Time domain analysis of locomotive bearing fault state

Locomotive Rolling experimental study, the use of rolling bearings and having a normal fault of rolling bearing outer peel, were vibration signal acquisition and processing. Vibration signals by different states presented under two conditions, time domain and frequency domain analysis, to find fault frequency, to determine the fault condition, and then verify the reliability and accuracy of the Institute fault diagnosis method employed.

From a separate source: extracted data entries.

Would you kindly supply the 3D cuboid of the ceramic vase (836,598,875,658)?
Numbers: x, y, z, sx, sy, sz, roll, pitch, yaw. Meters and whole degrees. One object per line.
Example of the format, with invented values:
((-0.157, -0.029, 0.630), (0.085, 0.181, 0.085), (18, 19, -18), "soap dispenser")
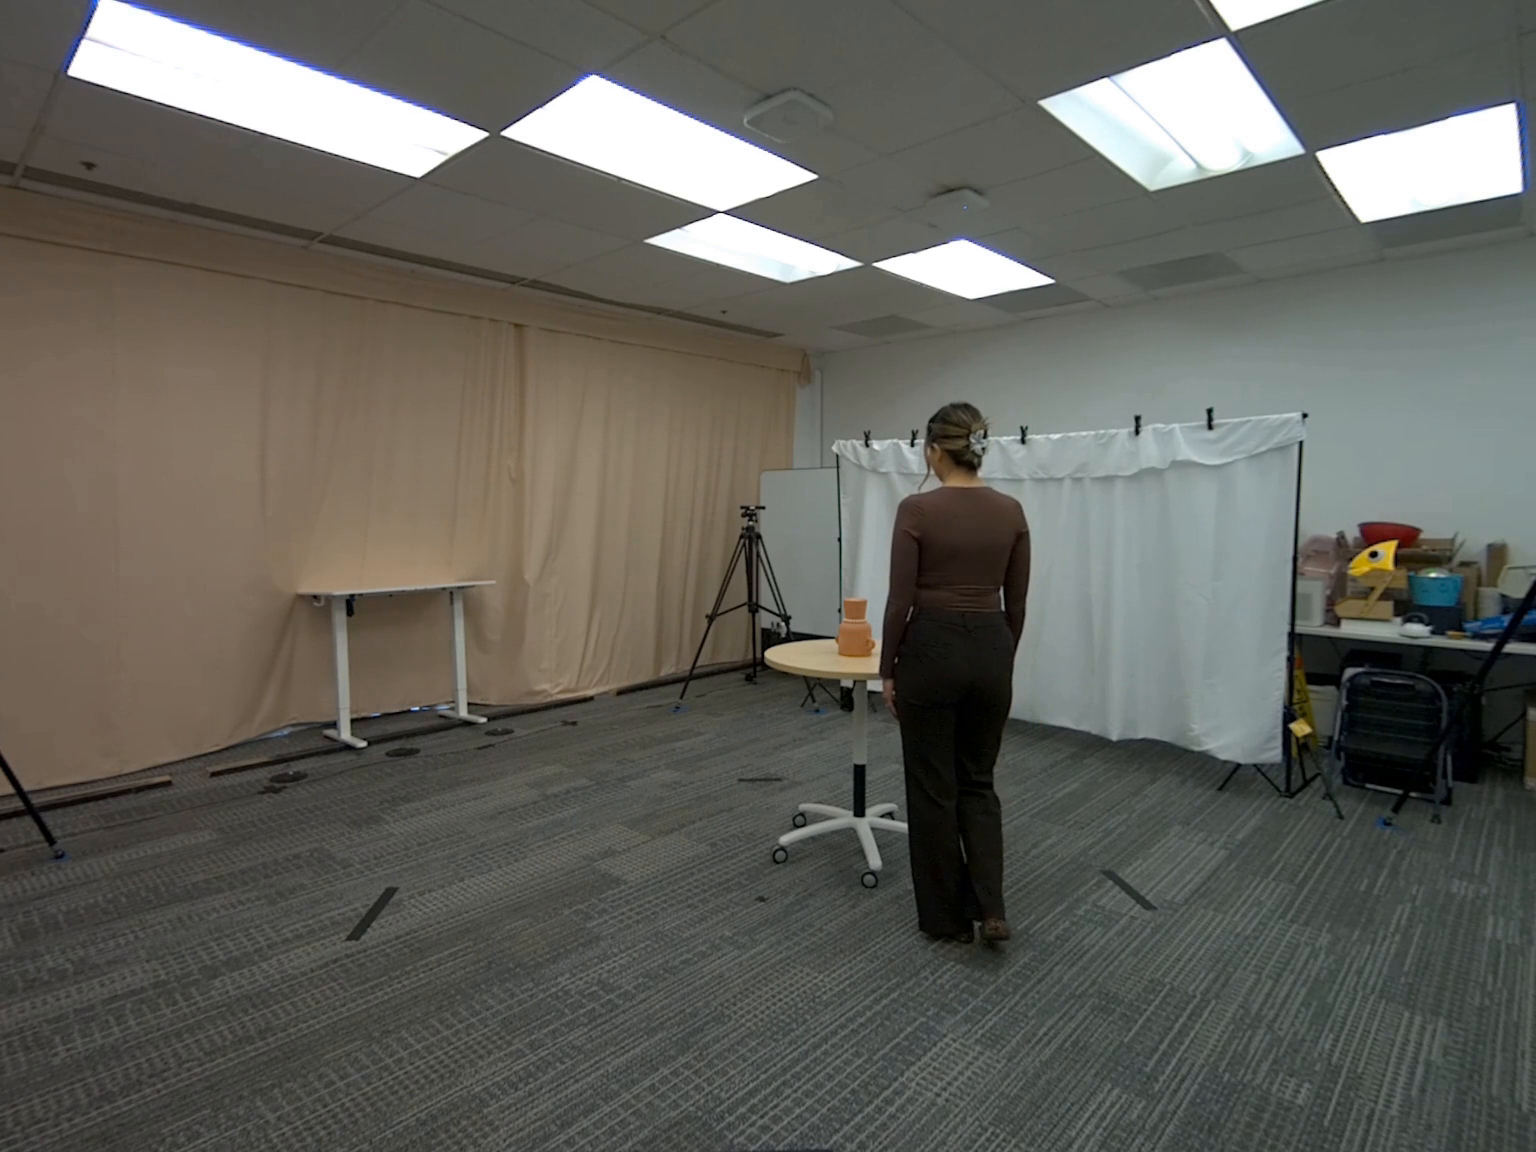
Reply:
((0.354, 0.204, 3.368), (0.160, 0.219, 0.133), (0, 1, 8), "ceramic vase")

Rolling from the locomotive in the normal state and fault state vibration signals in time domain waveforms can know: under fault conditions, the rms amplitude of the vibration signal from 146.348 normal state increased to 154.729, showing a slight increase. Accordingly automotive lubricants, can initially conclude Rolling existence of hidden faults, however, to accurately determine what kind of failure is more difficult, the need for further analysis.

The wavelet transform is one of the ways in recent years in signal analysis and processing frequently used. Oil-cooled electric drum Because the wavelet transform in the time domain and frequency domain analysis is partial, so they can more effectively extract information from acquired signals, identifying mutations in components of the signal. By stretching and translation operation method, the wavelet transform allows signal multi-scale detailed analysis, and the signal can be more effective level of noise reduction removes noise.

According to the advantages of wavelet transform research using LabVIEW Advanced Signal Kit discrete wavelet transform function, locomotive rolling bearing vibration signal wavelet noise reduction level is 5, which can reject noise better keep useful information. Then after the signal noise spectrum analysis, according to the locomotive rolling bearing vibration frequency in the frequency domain, combined with the calculated characteristic frequency, it can initially determine the fault condition of rolling bearings.